Firecrawl is an open source web scraping and crawling API you can self-host — it turns any website into clean, LLM-ready markdown or structured JSON, a self-hosted alternative to scraping services like ScrapingBee and Apify.

What is Firecrawl?

Firecrawl is an open source API that turns websites into clean, LLM-ready data. Point it at one URL and it returns the page as markdown, HTML, a screenshot, or structured JSON; point it at a domain and it crawls every reachable page in a single request. It renders JavaScript and dynamic content, so you don’t write or maintain brittle CSS selectors.

What is Firecrawl best for?

Developers building AI, RAG, and agent pipelines that need web content as clean markdown or structured JSON — without standing up their own headless-browser fleet. It’s the right fit when you’d otherwise glue together Playwright, proxy rotation, and HTML-to-markdown parsing, or when you want to feed live web data straight into an LLM.

What can Firecrawl do?

Scrape a single URL to markdown, HTML, structured JSON, or a full-page screenshot
Crawl an entire site from one request, following links and subpages
Map a domain to discover every URL before you scrape it
Search the web and return full-page content for each result
Extract structured data against a JSON schema you define
Run page actions — click, scroll, type, wait — before extracting (interact)
Batch-scrape thousands of URLs asynchronously
Call it from official SDKs (Python, Node.js, Go, Rust, Java, Elixir), an MCP server for AI agents, or automation tools like n8n

Is Firecrawl free?

Yes — Firecrawl is free to self-host under the AGPL-3.0 license, and you only pay for your own server. The managed Firecrawl Cloud is a paid, credit-based API: a free tier gives 1,000 credits a month, and paid plans start at $16/mo (Hobby, 5,000 pages), then $83/mo (Standard, 100,000 pages) and up. One credit usually equals one scraped page.

Where does Firecrawl fall short?

The self-hosted build is deliberately less capable than the cloud. It has no access to Fire-engine, so advanced anti-bot handling, IP-block avoidance, and stealth proxying are on you — and the /agent and /browser endpoints aren’t supported.
Structured-output features — JSON format, the /extract endpoint, summaries — require you to wire in your own LLM provider (such as an OpenAI key) when self-hosting.
It isn’t a single service — a working self-host runs the API alongside Redis and a separate Playwright browser service, so there are a few moving parts to keep healthy.

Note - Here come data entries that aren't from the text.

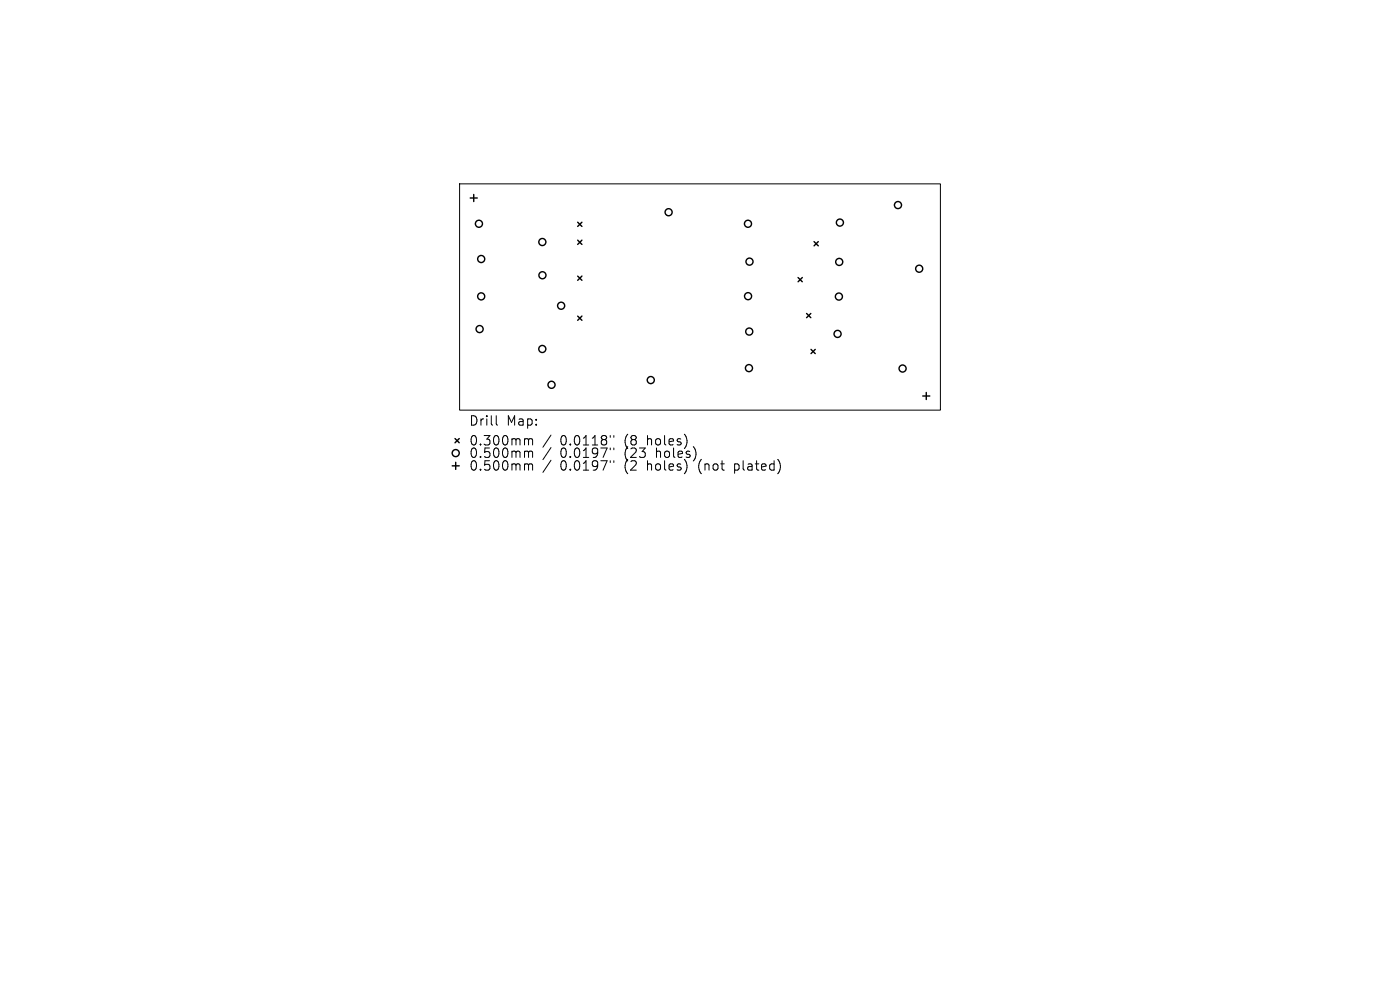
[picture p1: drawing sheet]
<svg xmlns="http://www.w3.org/2000/svg" width="297mm" height="210mm" viewBox="0 0 297 210" stroke-linecap="round" stroke-linejoin="round" font-family="sans-serif">
<defs><g id="words">
<g font-size="2.8">
<text x="99.4" y="90.6">Drill</text>
<text x="99.4" y="94.8">0.300mm</text>
<text x="107.4" y="90.6">Map:</text>
<text x="118.9" y="94.8">0.0118&quot;</text>
<text x="132.6" y="94.8">(8</text>
<text x="137.6" y="94.8">holes)</text>
<text x="99.4" y="97.4">0.500mm</text>
<text x="99.4" y="100.1">0.500mm</text>
<text x="118.9" y="97.4">0.0197&quot;</text>
<text x="118.9" y="100.1">0.0197&quot;</text>
<text x="132.6" y="97.4">(23</text>
<text x="132.6" y="100.1">(2</text>
<text x="137.6" y="100.1">holes)</text>
<text x="139.5" y="97.4">holes)</text>
<text x="148.6" y="100.1">(not</text>
<text x="156.4" y="100.1">plated)</text>
</g>
</g></defs>
<g fill="none" stroke="#000" stroke-width=".21">
<path d="M97.5 39h102v48h-102zM105.3 88.2v1.7l.3 .3M111.6 93.1l.4 .1 .1 .1M111.6 95.7h.2l.3 .3M111.6 98.4h.2l.3 .3M112.1 93.3l.3-.2 .5 .1 .1 1.2M112.1 93.3v1.1M112.1 96v1M112.1 98.7v1M112.1 96l.3-.3 .5 .1 .1 1.2M112.1 98.7l.3-.3 .5 .1 .1 1.2M116.9 92.3l-1.7 2.6"/>
<path d="M116.9 94.9l-1.7 2.6M116.9 97.6l-1.7 2.6M129.5 92.4v.4M129.5 95v.4M129.5 97.7v.4M130.2 92.4v.4M130.2 95v.4M130.2 97.7v.4"/>
</g>
<g fill="none" stroke="#000" stroke-width=".3">
<path d="M99.8 42h1.5M100.5 41.3v1.5M122.6 47.1l.9 .9M122.6 50.9l.9 .9M122.6 58.6l.9 .9M123.5 47.1l-.9 .9M123.5 50.9l-.9 .9M123.5 58.6l-.9 .9M169.3 58.9l.9 .9M170.2 58.9l-.9 .9M172.7 51.3l.9 .9M173.6 51.3l-.9 .9"/>
<path d="M122.6 67.1l.9 .9M123.5 67.1l-.9 .9M171.1 66.5l.9 .9M172 66.5l-.9 .9M172.1 74.1l.9 .9M173 74.1l-.9 .9M95.9 98.8h1.5M96.5 93l.9 .9M96.7 98.1v1.5M97.4 93l-.9 .9M195.8 84h1.5M196.5 83.3v1.5"/>
<circle cx="101.6" cy="47.5" r=".75"/>
<circle cx="102.1" cy="54.9" r=".75"/>
<circle cx="115.1" cy="51.3" r=".75"/>
<circle cx="115.1" cy="58.4" r=".75"/>
<circle cx="141.8" cy="45" r=".75"/>
<circle cx="158.7" cy="47.5" r=".75"/>
<circle cx="159" cy="55.5" r=".75"/>
<circle cx="178" cy="55.6" r=".75"/>
<circle cx="178.2" cy="47.2" r=".75"/>
<circle cx="190.5" cy="43.5" r=".75"/>
<circle cx="195" cy="57" r=".75"/>
<circle cx="101.7" cy="69.8" r=".75"/>
<circle cx="102.1" cy="62.9" r=".75"/>
<circle cx="115" cy="74" r=".75"/>
<circle cx="119" cy="64.9" r=".75"/>
<circle cx="158.7" cy="62.8" r=".75"/>
<circle cx="158.9" cy="78.1" r=".75"/>
<circle cx="158.9" cy="70.3" r=".75"/>
<circle cx="177.7" cy="70.8" r=".75"/>
<circle cx="178" cy="62.9" r=".75"/>
<circle cx="191.5" cy="78.2" r=".75"/>
<circle cx="96.7" cy="96.1" r=".75"/>
<circle cx="117" cy="81.6" r=".75"/>
<circle cx="138.1" cy="80.6" r=".75"/>
</g>
<use href="#words"/>
</svg>

What does Firecrawl replace?

Firecrawl is a self-hosted alternative to hosted scraping APIs like ScrapingBee and Apify. It does the same turn-a-URL-into-data job — JavaScript rendering, crawling, and structured extraction — but you can run it on your own infrastructure under an open source license instead of paying per credit. Several open source crawlers, such as Crawl4AI, cover similar ground.

FAQ

Is Firecrawl open source? Yes. The core engine is licensed under AGPL-3.0 (its client SDKs are MIT), so the code is public and you can self-host, audit, or modify it. The managed Firecrawl Cloud layers extra features on top.

Can I self-host Firecrawl for free? Yes — self-hosting is free under AGPL-3.0; you only pay for the server, plus any proxy or LLM API keys you choose to add. Note the self-hosted build lacks some cloud-only features like Fire-engine and the /agent endpoint.

Is Firecrawl a good ScrapingBee or Apify alternative? For teams that want web data as LLM-ready markdown and prefer to self-host or avoid per-credit pricing, yes. If you need turnkey anti-bot bypass and large proxy pools with no setup, the hosted services (or Firecrawl Cloud) still do that with less work.

What do I need to run Firecrawl? A server with Docker, plus Redis and a Playwright browser service. For structured-extraction features you also add an LLM provider key, and for tougher sites you supply your own proxies.